• [TASK INSTRUCTIONS]:
Repeat the data in full. Drop every picture.

:: RECORDED INFORMATION ::

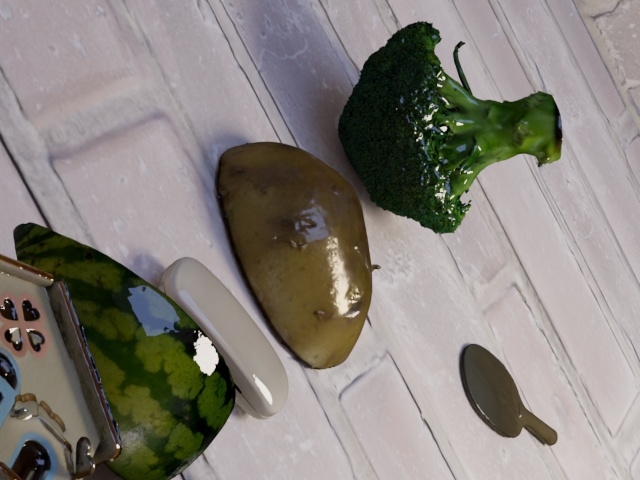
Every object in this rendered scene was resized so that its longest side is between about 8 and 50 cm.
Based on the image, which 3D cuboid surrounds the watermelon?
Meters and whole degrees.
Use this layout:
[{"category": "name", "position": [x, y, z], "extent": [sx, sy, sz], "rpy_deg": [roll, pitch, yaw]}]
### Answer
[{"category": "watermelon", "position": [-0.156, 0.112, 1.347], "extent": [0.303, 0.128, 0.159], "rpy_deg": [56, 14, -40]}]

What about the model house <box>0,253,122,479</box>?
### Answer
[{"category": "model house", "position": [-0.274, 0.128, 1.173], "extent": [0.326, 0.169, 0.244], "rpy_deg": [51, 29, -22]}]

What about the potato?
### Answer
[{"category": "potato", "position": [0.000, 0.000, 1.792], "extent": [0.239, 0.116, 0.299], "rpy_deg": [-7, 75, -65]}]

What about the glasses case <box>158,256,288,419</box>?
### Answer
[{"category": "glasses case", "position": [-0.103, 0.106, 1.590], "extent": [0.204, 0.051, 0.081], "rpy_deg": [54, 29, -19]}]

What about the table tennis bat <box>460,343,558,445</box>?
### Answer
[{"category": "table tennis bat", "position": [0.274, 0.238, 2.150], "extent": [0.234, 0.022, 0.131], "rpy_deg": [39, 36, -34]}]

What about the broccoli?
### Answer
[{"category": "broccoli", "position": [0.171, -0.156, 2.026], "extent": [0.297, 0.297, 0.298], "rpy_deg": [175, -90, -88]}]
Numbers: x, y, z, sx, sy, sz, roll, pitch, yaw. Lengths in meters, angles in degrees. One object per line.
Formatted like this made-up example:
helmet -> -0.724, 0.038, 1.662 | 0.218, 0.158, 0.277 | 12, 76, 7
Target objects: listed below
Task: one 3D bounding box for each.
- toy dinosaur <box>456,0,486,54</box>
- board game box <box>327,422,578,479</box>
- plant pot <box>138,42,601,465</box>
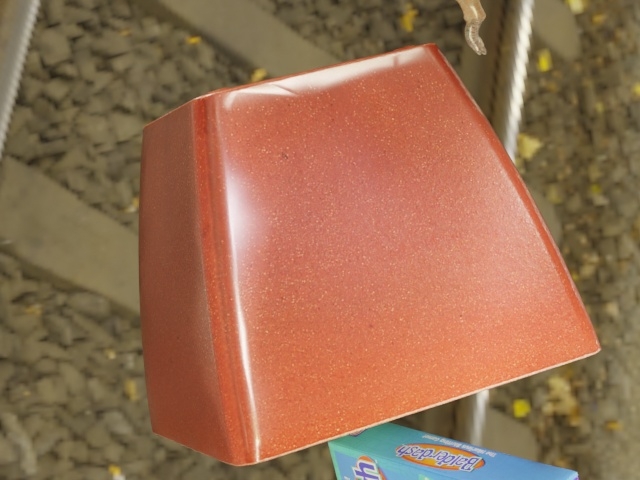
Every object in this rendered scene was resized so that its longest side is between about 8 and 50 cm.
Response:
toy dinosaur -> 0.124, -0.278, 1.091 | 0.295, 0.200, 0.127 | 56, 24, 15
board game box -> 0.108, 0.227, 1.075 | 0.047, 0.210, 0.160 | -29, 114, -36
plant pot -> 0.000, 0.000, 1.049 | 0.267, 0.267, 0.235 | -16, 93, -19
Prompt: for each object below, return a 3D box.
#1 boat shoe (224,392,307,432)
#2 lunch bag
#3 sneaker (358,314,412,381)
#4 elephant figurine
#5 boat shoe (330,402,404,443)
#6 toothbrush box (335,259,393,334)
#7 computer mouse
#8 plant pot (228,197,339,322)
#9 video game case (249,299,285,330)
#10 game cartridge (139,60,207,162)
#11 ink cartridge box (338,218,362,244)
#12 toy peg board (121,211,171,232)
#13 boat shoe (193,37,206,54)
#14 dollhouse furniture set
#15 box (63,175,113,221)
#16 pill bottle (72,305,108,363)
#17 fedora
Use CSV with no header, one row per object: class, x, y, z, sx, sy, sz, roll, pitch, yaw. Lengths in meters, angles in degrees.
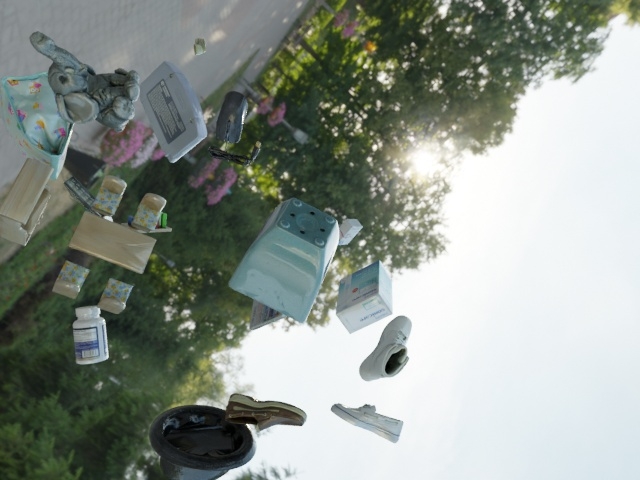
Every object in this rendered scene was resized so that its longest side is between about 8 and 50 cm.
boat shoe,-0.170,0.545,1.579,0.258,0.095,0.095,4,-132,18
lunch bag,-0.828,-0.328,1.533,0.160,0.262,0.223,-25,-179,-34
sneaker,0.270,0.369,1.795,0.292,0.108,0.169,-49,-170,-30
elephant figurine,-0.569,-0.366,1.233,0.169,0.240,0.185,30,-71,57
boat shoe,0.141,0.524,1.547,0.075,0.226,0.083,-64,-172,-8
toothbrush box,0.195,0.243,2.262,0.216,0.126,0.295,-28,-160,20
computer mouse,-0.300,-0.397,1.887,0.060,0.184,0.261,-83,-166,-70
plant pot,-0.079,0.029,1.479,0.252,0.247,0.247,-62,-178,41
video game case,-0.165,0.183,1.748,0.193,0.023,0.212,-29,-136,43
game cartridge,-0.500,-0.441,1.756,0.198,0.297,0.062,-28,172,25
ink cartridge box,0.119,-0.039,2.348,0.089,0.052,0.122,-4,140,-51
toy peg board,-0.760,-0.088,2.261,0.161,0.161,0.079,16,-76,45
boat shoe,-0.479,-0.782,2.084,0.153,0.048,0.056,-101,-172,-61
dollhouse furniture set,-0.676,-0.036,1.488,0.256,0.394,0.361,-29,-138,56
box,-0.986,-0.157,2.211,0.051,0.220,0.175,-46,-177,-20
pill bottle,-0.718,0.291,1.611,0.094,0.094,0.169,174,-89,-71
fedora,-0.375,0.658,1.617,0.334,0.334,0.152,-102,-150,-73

:::

• [EXPECTED ANSWER]:
Every object in this rendered scene was resized so that its longest side is between about 8 and 50 cm.
Based on the image, which 3D cuboid surrounds the watermelon?
Meters and whole degrees.
Use this layout:
[{"category": "name", "position": [x, y, z], "extent": [sx, sy, sz], "rpy_deg": [roll, pitch, yaw]}]
### Answer
[{"category": "watermelon", "position": [-0.156, 0.112, 1.347], "extent": [0.303, 0.128, 0.159], "rpy_deg": [56, 14, -40]}]

What about the model house <box>0,253,122,479</box>?
### Answer
[{"category": "model house", "position": [-0.274, 0.128, 1.173], "extent": [0.326, 0.169, 0.244], "rpy_deg": [51, 29, -22]}]

What about the potato?
### Answer
[{"category": "potato", "position": [0.000, 0.000, 1.792], "extent": [0.239, 0.116, 0.299], "rpy_deg": [-7, 75, -65]}]

What about the glasses case <box>158,256,288,419</box>?
### Answer
[{"category": "glasses case", "position": [-0.103, 0.106, 1.590], "extent": [0.204, 0.051, 0.081], "rpy_deg": [54, 29, -19]}]

What about the table tennis bat <box>460,343,558,445</box>?
### Answer
[{"category": "table tennis bat", "position": [0.274, 0.238, 2.150], "extent": [0.234, 0.022, 0.131], "rpy_deg": [39, 36, -34]}]

What about the broccoli?
### Answer
[{"category": "broccoli", "position": [0.171, -0.156, 2.026], "extent": [0.297, 0.297, 0.298], "rpy_deg": [175, -90, -88]}]
Numbers: x, y, z, sx, sy, sz, roll, pitch, yaw. Lengths in meters, angles in degrees. One object per line.
Formatted like this made-up example:
helmet -> -0.724, 0.038, 1.662 | 0.218, 0.158, 0.277 | 12, 76, 7
Target objects: listed below
Task: one 3D bounding box for each.
- toy dinosaur <box>456,0,486,54</box>
- board game box <box>327,422,578,479</box>
- plant pot <box>138,42,601,465</box>
Every object in this rendered scene was resized so that its longest side is between about 8 and 50 cm.
Response:
toy dinosaur -> 0.124, -0.278, 1.091 | 0.295, 0.200, 0.127 | 56, 24, 15
board game box -> 0.108, 0.227, 1.075 | 0.047, 0.210, 0.160 | -29, 114, -36
plant pot -> 0.000, 0.000, 1.049 | 0.267, 0.267, 0.235 | -16, 93, -19
Prompt: for each object below, return a 3D box.
#1 boat shoe (224,392,307,432)
#2 lunch bag
#3 sneaker (358,314,412,381)
#4 elephant figurine
#5 boat shoe (330,402,404,443)
#6 toothbrush box (335,259,393,334)
#7 computer mouse
#8 plant pot (228,197,339,322)
#9 video game case (249,299,285,330)
#10 game cartridge (139,60,207,162)
#11 ink cartridge box (338,218,362,244)
#12 toy peg board (121,211,171,232)
#13 boat shoe (193,37,206,54)
#14 dollhouse furniture set
#15 box (63,175,113,221)
#16 pill bottle (72,305,108,363)
#17 fedora
Use CSV with no header, one row per object: class, x, y, z, sx, sy, sz, roll, pitch, yaw. Lengths in meters, angles in degrees.
Every object in this rendered scene was resized so that its longest side is between about 8 and 50 cm.
boat shoe,-0.170,0.545,1.579,0.258,0.095,0.095,4,-132,18
lunch bag,-0.828,-0.328,1.533,0.160,0.262,0.223,-25,-179,-34
sneaker,0.270,0.369,1.795,0.292,0.108,0.169,-49,-170,-30
elephant figurine,-0.569,-0.366,1.233,0.169,0.240,0.185,30,-71,57
boat shoe,0.141,0.524,1.547,0.075,0.226,0.083,-64,-172,-8
toothbrush box,0.195,0.243,2.262,0.216,0.126,0.295,-28,-160,20
computer mouse,-0.300,-0.397,1.887,0.060,0.184,0.261,-83,-166,-70
plant pot,-0.079,0.029,1.479,0.252,0.247,0.247,-62,-178,41
video game case,-0.165,0.183,1.748,0.193,0.023,0.212,-29,-136,43
game cartridge,-0.500,-0.441,1.756,0.198,0.297,0.062,-28,172,25
ink cartridge box,0.119,-0.039,2.348,0.089,0.052,0.122,-4,140,-51
toy peg board,-0.760,-0.088,2.261,0.161,0.161,0.079,16,-76,45
boat shoe,-0.479,-0.782,2.084,0.153,0.048,0.056,-101,-172,-61
dollhouse furniture set,-0.676,-0.036,1.488,0.256,0.394,0.361,-29,-138,56
box,-0.986,-0.157,2.211,0.051,0.220,0.175,-46,-177,-20
pill bottle,-0.718,0.291,1.611,0.094,0.094,0.169,174,-89,-71
fedora,-0.375,0.658,1.617,0.334,0.334,0.152,-102,-150,-73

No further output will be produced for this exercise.